$100 billion — that's how much the OECD says could be lost on an annual basis if negotiations to develop global cross-border tax rules collapse.
What's being negotiated:
- 137 countries came together in January to agree on new rules for taxing multinational corporations that do business globally.
- In particular, governments are looking to find a way to tax tech giants like Amazon and Facebook.
- These tech corps often book profits in low-tax countries like Ireland, allowing them to avoid paying taxes in higher tax jurisdictions where their customers reside.
What's the problem:
- Making a deal that satisfied so many different countries is tough.
- The Americans have pushed for a "safe harbour" rule that would allow companies to decide whether to subject themselves to either existing or future rules (an idea that nearly everyone else opposes).
- Low-tax countries want to keep profits booked in their countries so they can impose taxes themselves (albeit small ones).

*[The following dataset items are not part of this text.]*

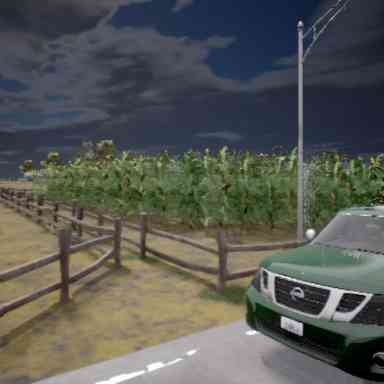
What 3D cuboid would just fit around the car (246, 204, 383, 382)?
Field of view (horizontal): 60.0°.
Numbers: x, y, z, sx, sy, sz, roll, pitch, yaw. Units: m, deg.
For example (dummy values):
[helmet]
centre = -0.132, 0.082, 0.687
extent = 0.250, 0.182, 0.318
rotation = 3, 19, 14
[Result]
[car]
centre = 3.421, 1.239, 5.498
extent = 5.566, 2.045, 2.150
rotation = 1, 0, -35
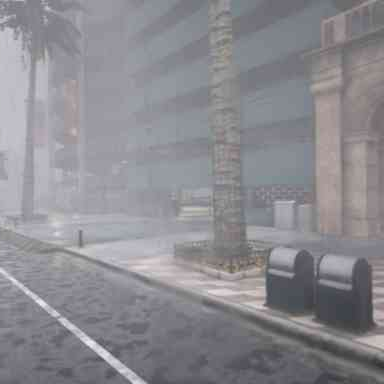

- A deal has yet to be reached, despite the deadline already being extended.
What's at stake:
- If a global agreement can't be reached, countries will impose their own national taxes on digital services.
- The U.S. government has threatened to retaliate with tariffs against any country that imposes taxes on U.S. based tech companies.
- The OECD projects trade disputes driven by this issue could reduce global GDP by as much as 1%.
Zoom out: With the global economy already knocked back by COVID, an international tarrif war could make things even worse.